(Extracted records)
*****

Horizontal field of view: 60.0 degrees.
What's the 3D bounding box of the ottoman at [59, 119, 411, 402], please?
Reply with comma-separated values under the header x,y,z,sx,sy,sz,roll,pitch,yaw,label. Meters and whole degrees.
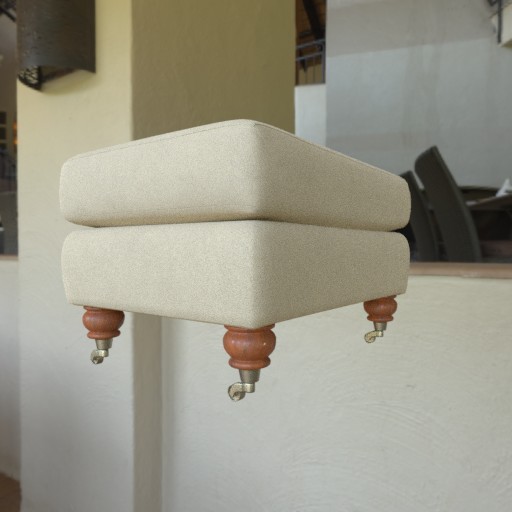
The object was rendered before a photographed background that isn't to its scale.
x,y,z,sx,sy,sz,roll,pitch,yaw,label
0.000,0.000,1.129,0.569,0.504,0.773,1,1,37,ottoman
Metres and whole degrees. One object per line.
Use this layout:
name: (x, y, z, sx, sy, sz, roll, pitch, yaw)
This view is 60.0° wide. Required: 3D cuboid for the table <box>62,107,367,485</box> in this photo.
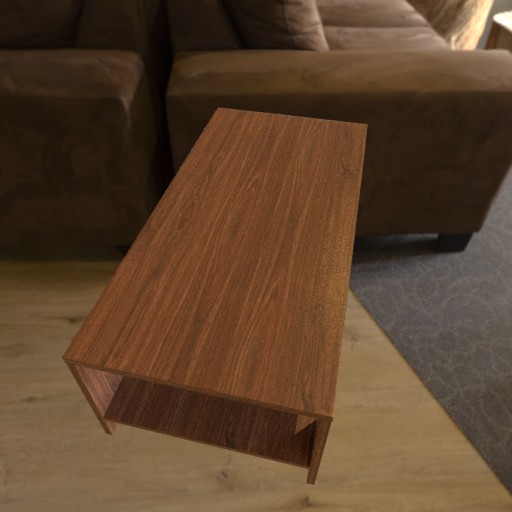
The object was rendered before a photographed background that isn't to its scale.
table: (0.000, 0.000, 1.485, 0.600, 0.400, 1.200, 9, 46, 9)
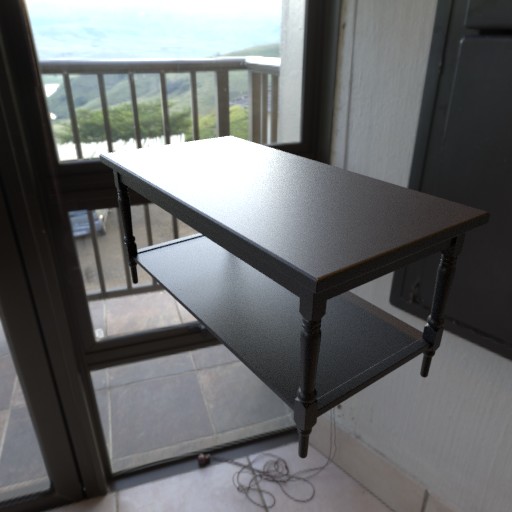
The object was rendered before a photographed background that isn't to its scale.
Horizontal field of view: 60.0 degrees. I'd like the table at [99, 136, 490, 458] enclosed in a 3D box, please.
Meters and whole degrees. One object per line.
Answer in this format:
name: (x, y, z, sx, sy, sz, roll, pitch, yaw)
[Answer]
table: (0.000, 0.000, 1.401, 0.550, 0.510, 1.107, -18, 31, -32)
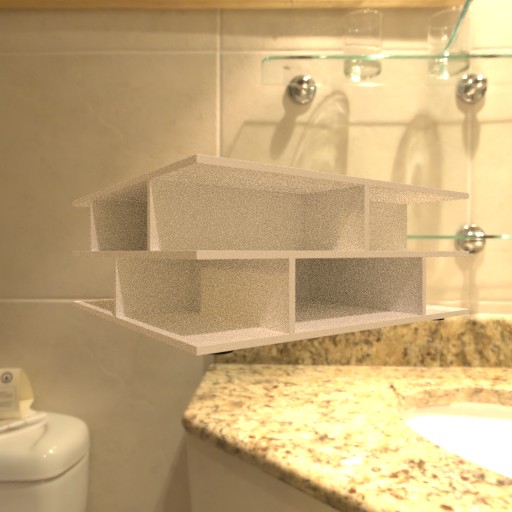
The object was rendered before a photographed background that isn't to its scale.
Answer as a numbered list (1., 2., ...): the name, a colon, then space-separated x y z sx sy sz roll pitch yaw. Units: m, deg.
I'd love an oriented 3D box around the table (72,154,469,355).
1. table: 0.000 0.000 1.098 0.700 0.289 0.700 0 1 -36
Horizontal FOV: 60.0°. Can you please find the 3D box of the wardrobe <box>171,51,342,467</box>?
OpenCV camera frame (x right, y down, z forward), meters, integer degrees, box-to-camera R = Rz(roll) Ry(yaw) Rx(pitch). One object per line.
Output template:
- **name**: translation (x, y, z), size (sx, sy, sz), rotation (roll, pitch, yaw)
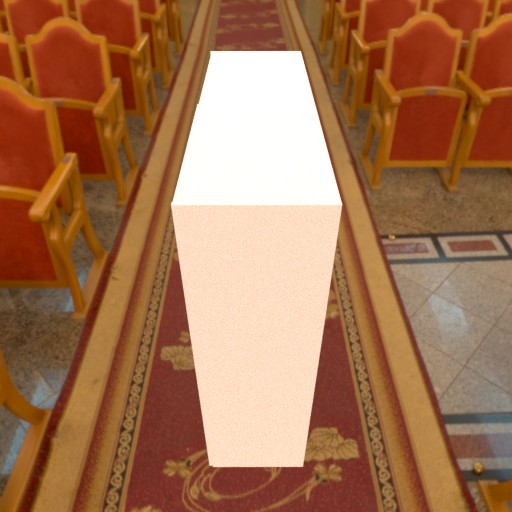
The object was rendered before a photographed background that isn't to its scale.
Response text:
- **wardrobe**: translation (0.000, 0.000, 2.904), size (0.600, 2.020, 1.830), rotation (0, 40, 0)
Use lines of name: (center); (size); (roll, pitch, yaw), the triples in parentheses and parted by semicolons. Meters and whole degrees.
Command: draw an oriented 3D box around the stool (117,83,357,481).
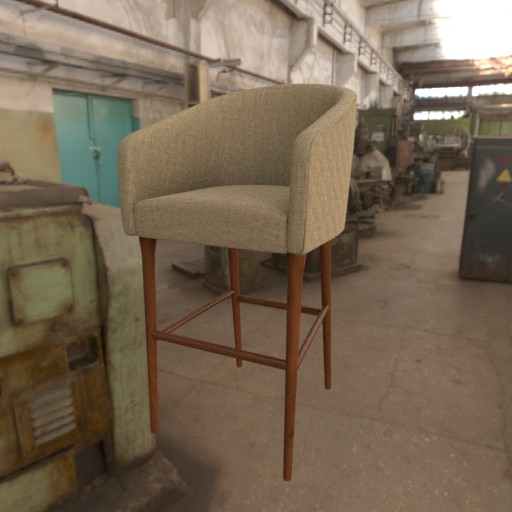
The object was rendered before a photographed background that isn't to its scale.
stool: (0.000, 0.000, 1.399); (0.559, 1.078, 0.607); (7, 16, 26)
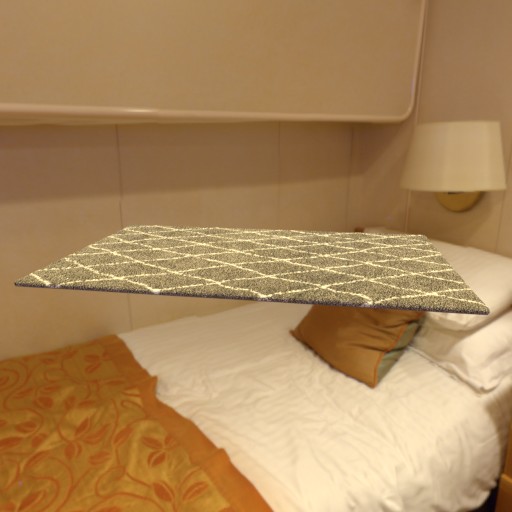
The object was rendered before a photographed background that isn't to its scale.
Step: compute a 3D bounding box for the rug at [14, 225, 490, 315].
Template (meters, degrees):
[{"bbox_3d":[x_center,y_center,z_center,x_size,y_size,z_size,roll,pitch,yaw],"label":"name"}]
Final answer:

*****

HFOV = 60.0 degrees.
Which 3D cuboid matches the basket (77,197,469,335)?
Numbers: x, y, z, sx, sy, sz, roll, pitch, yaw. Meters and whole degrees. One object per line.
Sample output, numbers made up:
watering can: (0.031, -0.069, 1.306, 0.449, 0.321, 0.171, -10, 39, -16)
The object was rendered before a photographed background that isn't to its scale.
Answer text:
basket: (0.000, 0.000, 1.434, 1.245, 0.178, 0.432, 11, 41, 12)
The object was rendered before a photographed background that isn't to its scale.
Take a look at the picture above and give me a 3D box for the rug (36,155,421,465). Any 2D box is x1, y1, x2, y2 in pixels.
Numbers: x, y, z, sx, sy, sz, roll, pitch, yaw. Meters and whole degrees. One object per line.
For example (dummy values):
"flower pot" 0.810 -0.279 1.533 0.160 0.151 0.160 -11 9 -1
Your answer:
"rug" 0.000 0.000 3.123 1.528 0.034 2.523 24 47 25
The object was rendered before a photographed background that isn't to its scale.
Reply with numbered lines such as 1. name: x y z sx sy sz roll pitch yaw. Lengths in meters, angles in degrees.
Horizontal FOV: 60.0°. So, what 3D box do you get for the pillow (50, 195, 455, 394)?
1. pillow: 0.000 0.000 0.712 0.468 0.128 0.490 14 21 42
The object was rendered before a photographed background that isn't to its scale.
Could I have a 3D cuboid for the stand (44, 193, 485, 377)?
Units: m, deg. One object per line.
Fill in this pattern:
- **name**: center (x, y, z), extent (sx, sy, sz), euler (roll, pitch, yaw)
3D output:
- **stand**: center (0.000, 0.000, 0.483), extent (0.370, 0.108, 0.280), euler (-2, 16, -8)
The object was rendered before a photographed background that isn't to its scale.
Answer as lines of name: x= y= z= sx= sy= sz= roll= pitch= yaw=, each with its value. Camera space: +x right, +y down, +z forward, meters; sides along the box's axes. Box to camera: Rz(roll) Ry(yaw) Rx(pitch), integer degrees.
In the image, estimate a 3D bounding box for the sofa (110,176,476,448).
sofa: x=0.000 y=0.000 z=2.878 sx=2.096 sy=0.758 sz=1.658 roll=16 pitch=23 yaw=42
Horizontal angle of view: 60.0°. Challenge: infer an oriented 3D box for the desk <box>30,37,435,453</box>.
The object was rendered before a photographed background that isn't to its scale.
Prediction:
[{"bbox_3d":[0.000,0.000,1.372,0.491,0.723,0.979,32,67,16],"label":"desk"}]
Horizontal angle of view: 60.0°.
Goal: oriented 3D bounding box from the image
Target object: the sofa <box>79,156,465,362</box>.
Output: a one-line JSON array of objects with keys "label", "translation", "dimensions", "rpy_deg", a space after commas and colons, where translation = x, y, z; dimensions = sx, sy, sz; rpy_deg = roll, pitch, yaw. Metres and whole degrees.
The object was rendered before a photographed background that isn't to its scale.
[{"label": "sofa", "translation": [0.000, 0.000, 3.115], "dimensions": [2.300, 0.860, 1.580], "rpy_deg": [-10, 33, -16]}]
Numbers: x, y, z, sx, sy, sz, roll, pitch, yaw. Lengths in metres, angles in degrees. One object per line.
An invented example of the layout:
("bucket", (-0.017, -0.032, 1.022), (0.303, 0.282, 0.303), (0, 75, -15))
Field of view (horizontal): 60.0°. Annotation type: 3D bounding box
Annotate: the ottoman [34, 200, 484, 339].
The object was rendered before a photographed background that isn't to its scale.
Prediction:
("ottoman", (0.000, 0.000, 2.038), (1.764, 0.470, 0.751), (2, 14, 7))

*****

**WHAT IS NEEDED**
Only a number is needed here: the count of lines above that hold the string "right".

**YOUR RESPONSE**
2